Australia Nekad Larang Dunia Pers Sosial untuk Anak di area Bawah 16 Tahun, Langkah Optimis atau Salah Arah?

JAKARTA – eksekutif Australia berencana melarang anak-anak di tempat bawah usia 16 tahun untuk mengakses media sosial. RUU ini diharapkan akan diajukan ke parlemen tahun ini dan juga berlaku 12 bulan setelahnya disetujui.
Langkah Australia ini menuai pro juga kontra. Di satu sisi, larangan ini diharapkan dapat melindungi anak-anak dari dampak negatif media sosial.
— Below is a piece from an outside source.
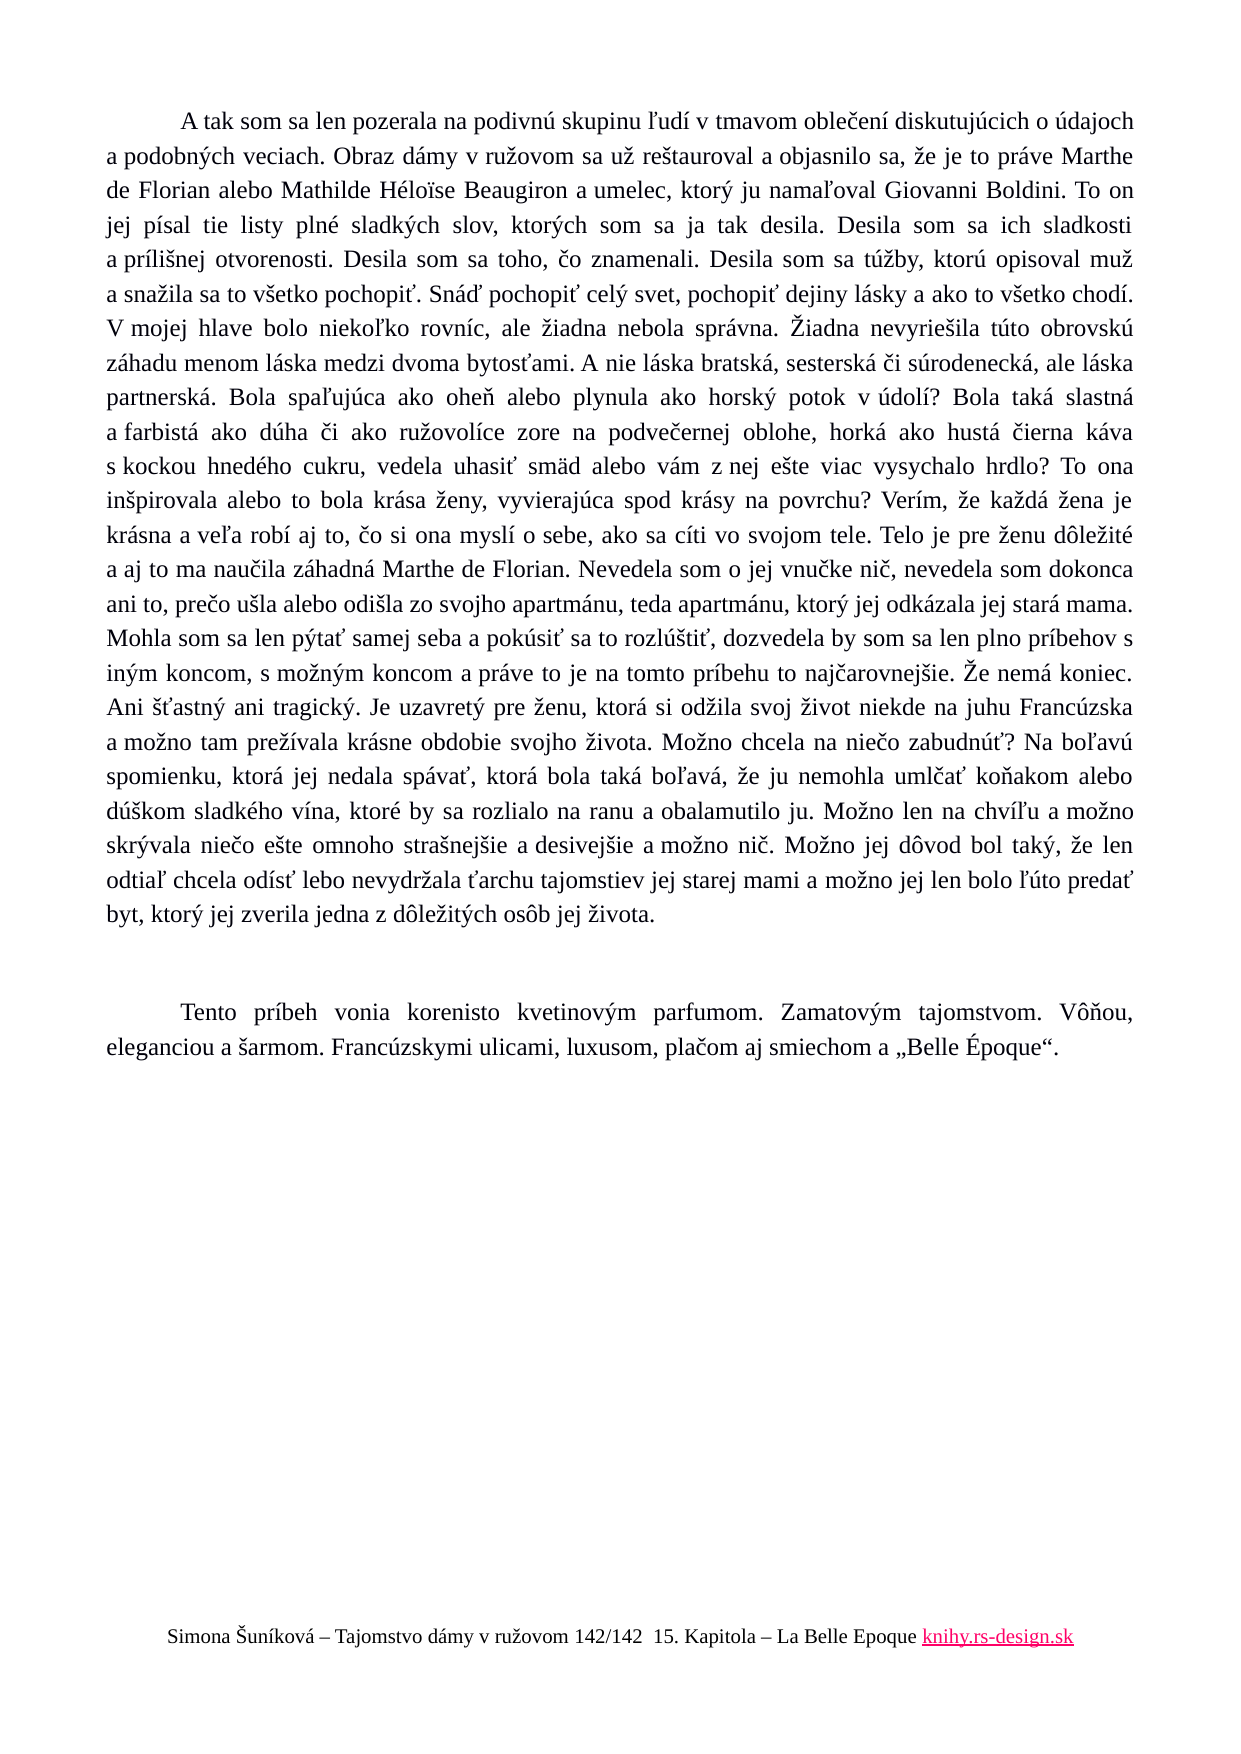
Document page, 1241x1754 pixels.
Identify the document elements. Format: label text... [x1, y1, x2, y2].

Di sisi lain, ada perasaan khawatir bahwa larangan ini dapat menghambat perkembangan literasi digital kemudian mengesampingkan aspek positif media sosial.
Larangan ini direncanakan akan menguji coba sistem verifikasi usia untuk memblokir anak-anak dari akses ke situs media sosial seperti Instagram, Facebook, TikTok, kemudian X (Twitter).
Zach Rausch, ilmuwan penelitian dalam NYU Stern School of Business, mengumumkan undang-undang ini sebagai “langkah besar” yang tersebut akan menjadikan Australia “pemimpin global pada melindungi anak-anak di dalam dunia maya”.
Namun, Digital Industry Group (DIGI), organisasi nirlaba Australia yang mana mengadvokasi kemajuan sektor digital, mengatakan larangan yang disebutkan sebagai “respons abad ke-20 terhadap tantangan abad ke-21”.
Pro serta Kontra Larangan Media Massa Sosial untuk Anak
Argumen Pro:
– Melindungi Kesejahteraan Mental Anak: Media Massa sosial dapat berdampak negatif pada kemampuan fisik mental anak, menyebabkan kecanduan, kecemasan, depresi, dan juga gangguan citra diri.
– Mencegah Cyberbullying kemudian Eksploitasi: Anak-anak lebih tinggi rentan terhadap cyberbullying, pelecehan online, kemudian eksploitasi seksual di tempat media sosial.
– Mengoptimalkan Fokus lalu Prestasi Belajar: Media Massa sosial dapat mengganggu konsentrasi lalu menurunkan waktu belajar anak.
Argumen Kontra:
– Menghambat Literasi Digital: Melarang media sosial dapat menghambat perkembangan keterampilan literasi digital anak yang tersebut penting pada era digital.
– Sulit Diterapkan: Verifikasi usia di dalam media sosial sulit diterapkan kemudian anak-anak mungkin saja menemukan cara untuk mengakalinya.
– Mengabaikan Aspek Positif: Media Massa sosial juga miliki aspek positif, seperti memfasilitasi koneksi sosial, akses informasi, serta pengembangan kreativitas.
“Sudah bertahun-tahun, kami dicemooh oleh para pendidik keamanan online sebab dianggap tertutup juga ekstrem. Padahal, orang tua yang digunakan berada di area garis depan yang tersebut tahu kerusakan yang mana diakibatkan media sosial pada anak-anak kita,” ungkap Dany Elachi dari Heads Up Alliance.
Sebaliknya, Sunita Bose dari DIGI mengumumkan bahwa melarang remaja untuk mengakses wadah digital adalah respons abad ke-20 terhadap tantangan abad ke-21. “Daripada memblokir akses melalui larangan, kita perlu mengambil pendekatan yang tersebut seimbang untuk menciptakan ruang yang dimaksud sesuai dengan usia, memulai pembangunan literasi digital, lalu melindungi kaum muda dari bahaya online,” ungkapnya.
Bagaimana tanggapan pemilik platform?
Antigone Davis dari Meta Australia menyampaikan bahwa pihaknya menghormati batasan usia apa pun yang ingin diperkenalkan pemerintah terkait pemanfaatan media sosial.
“Namun, yang digunakan justru harus difokuskan adalah diskusi lebih besar mendalam tentang bagaimana kita menerapkan perlindungan. Jika tidak, risikonya kita merasa mengambil langkah yang tersebut tepat. Padahal, baik remaja maupun orang tua tak menemukan diri merek pada tempat yang dimaksud lebih tinggi baik,”bebernya.